A year or so ago, I came across a social media post by a dad who watched a movie with his sons every Friday night. He kept a list, and he shared photos of journal pages stacked with titles and star ratings assigned by his kids, who were in elementary school, that perfect family movie night age where inventive Pixar films can stand side-by-side with family classics.

I remember thinking, “What a cool way to remember that time of life.” Those movies made up more than a list. They told a story.

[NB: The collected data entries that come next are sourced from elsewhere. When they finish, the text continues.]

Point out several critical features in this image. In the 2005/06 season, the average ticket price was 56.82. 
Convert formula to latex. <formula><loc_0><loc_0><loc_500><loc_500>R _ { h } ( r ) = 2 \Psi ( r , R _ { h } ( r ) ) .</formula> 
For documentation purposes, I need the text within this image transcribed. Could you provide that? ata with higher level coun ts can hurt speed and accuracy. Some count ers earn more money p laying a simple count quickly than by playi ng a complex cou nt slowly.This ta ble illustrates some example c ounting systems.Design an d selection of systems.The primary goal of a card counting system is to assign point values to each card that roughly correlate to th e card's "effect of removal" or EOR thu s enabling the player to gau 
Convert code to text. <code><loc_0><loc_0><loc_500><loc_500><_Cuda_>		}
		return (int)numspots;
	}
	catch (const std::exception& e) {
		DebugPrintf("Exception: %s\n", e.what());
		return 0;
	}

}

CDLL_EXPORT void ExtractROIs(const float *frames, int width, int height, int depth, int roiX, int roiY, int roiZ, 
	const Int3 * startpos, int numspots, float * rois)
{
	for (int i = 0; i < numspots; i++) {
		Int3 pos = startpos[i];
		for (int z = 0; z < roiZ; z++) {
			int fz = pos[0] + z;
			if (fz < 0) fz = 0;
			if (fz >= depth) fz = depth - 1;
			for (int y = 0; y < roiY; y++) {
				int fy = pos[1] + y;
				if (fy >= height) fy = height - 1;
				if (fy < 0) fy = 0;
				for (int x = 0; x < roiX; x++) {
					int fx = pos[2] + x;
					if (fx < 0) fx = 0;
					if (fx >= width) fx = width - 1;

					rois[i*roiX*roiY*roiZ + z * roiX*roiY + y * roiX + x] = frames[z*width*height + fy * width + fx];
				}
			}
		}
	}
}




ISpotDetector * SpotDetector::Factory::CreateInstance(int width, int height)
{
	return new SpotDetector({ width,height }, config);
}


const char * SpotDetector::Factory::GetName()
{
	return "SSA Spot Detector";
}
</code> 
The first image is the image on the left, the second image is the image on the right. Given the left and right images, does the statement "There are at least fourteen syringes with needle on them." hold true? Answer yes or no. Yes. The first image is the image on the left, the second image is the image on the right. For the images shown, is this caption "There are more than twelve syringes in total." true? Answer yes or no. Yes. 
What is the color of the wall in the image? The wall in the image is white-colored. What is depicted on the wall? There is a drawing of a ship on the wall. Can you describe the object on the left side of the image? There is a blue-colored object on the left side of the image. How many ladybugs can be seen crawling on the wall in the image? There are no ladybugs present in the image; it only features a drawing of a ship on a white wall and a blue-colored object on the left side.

I immediately wished I’d kept a captain’s log of my own family’s movie nights. We’ve watched the classics: “The Princess Bride,” “Hook,” “Toy Story,” “Don’t Tell Mom the Babysitter’s Dead.” We’re also fans of “Bill and Ted’s Excellent Adventure,” because I aim to raise cinephiles. We have a tradition of watching all three “Back to the Future” films between Christmas and New Year’s, so this year everyone’s getting a bean bag chair and cozy blanket.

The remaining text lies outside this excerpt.